**What is needed**
If a record below holds a picture, drop the picture and copy everything else exactly.
════
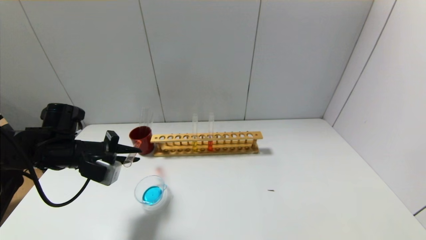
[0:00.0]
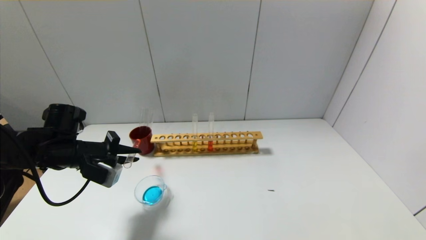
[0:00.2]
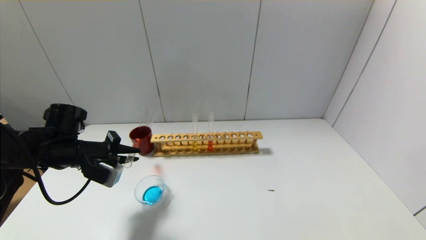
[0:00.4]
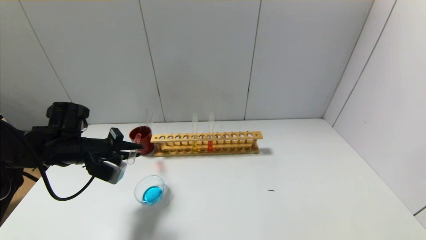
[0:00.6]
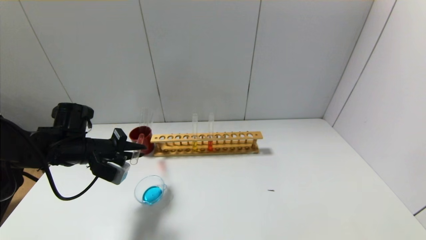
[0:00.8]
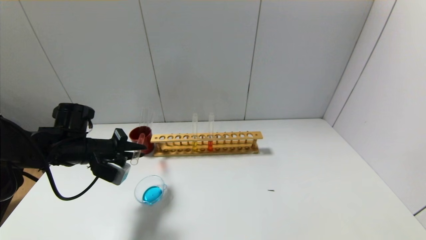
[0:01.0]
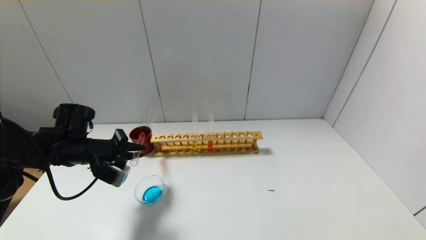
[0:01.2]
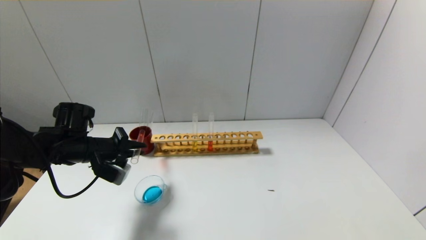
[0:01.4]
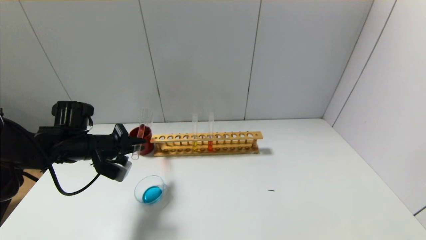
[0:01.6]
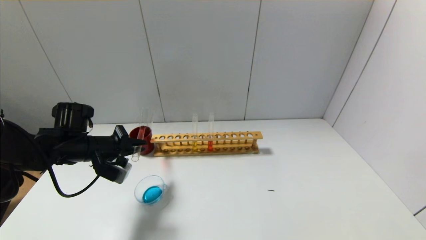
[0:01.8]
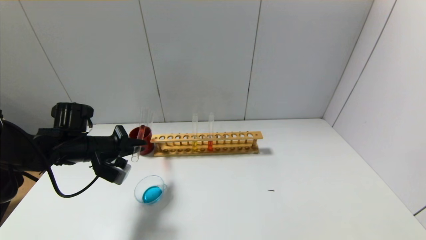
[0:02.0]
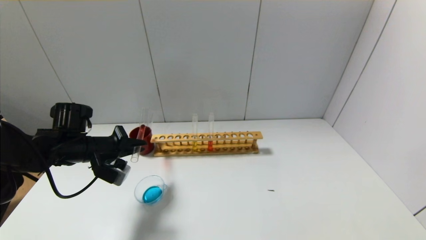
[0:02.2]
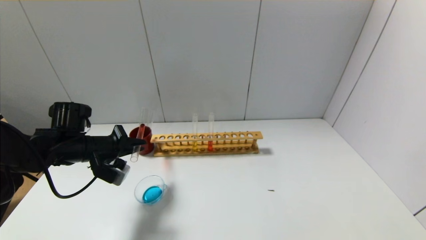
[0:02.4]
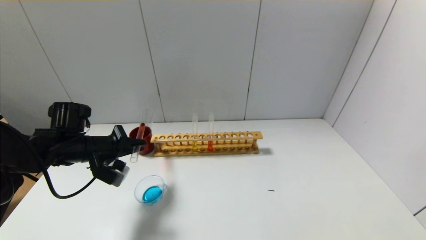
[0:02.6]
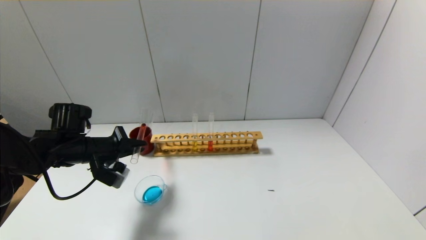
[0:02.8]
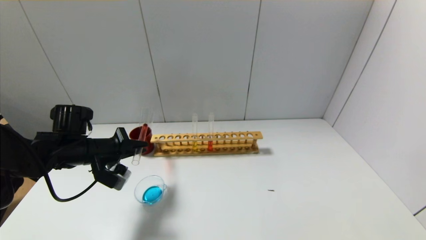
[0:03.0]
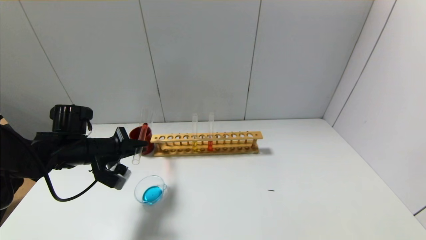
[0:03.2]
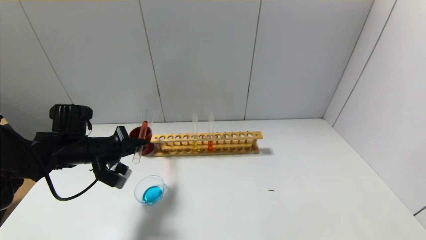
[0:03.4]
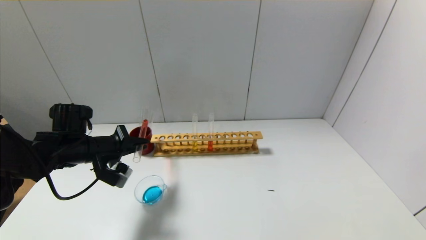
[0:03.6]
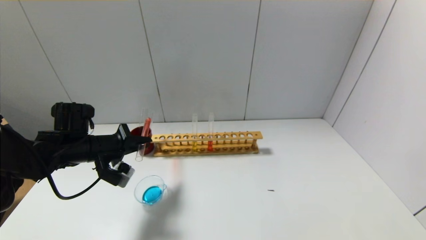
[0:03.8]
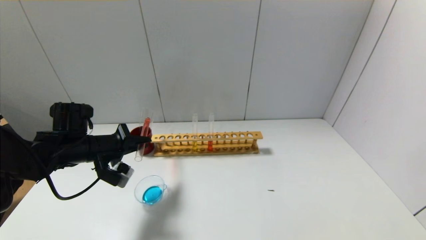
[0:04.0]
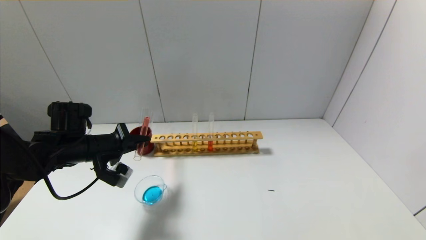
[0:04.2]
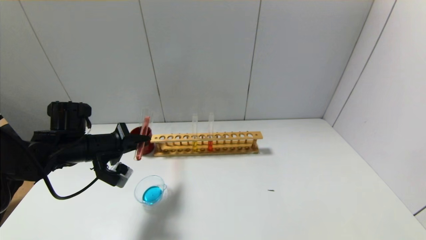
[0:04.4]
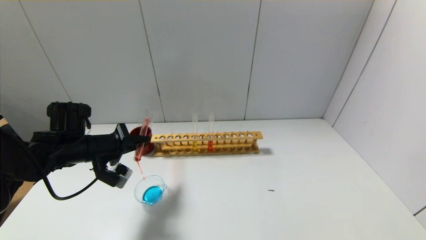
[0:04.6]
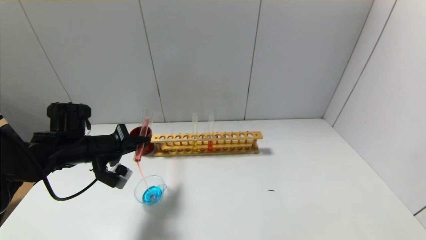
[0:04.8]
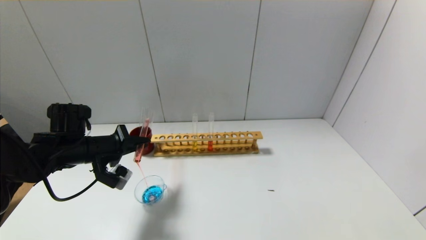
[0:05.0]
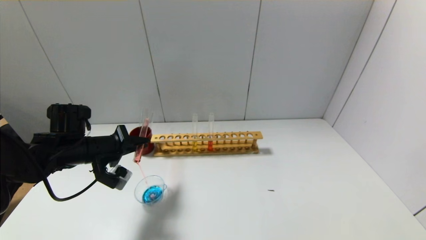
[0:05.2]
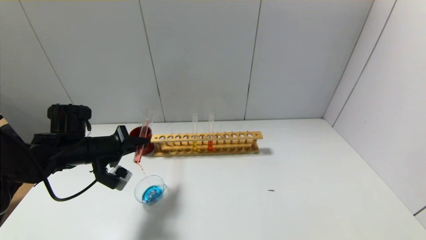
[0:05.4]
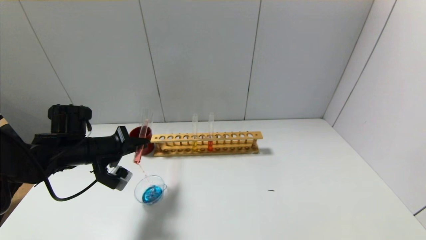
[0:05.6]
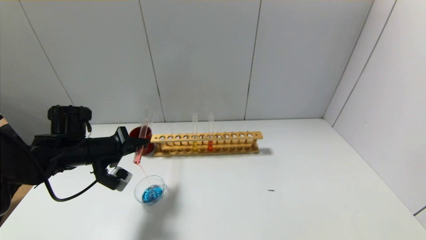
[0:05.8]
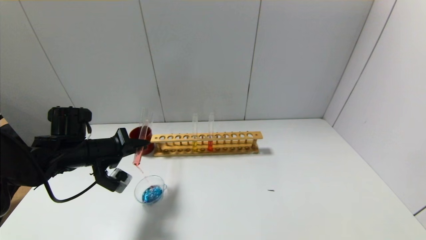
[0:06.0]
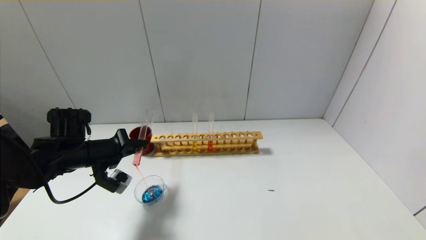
════
**Answer to the exercise**
[0:00.0]
[0:00.2]
[0:00.4]
[0:00.6]
[0:00.8]
[0:01.0]
[0:01.2]
[0:01.4]
[0:01.6]
[0:01.8]
[0:02.0]
[0:02.2]
[0:02.4]
[0:02.6]
[0:02.8]
[0:03.0]
[0:03.2]
[0:03.4]
[0:03.6]
[0:03.8]
[0:04.0]
[0:04.2]
[0:04.4]
[0:04.6]
[0:04.8]
[0:05.0]
[0:05.2]
[0:05.4]
[0:05.6]
[0:05.8]
[0:06.0]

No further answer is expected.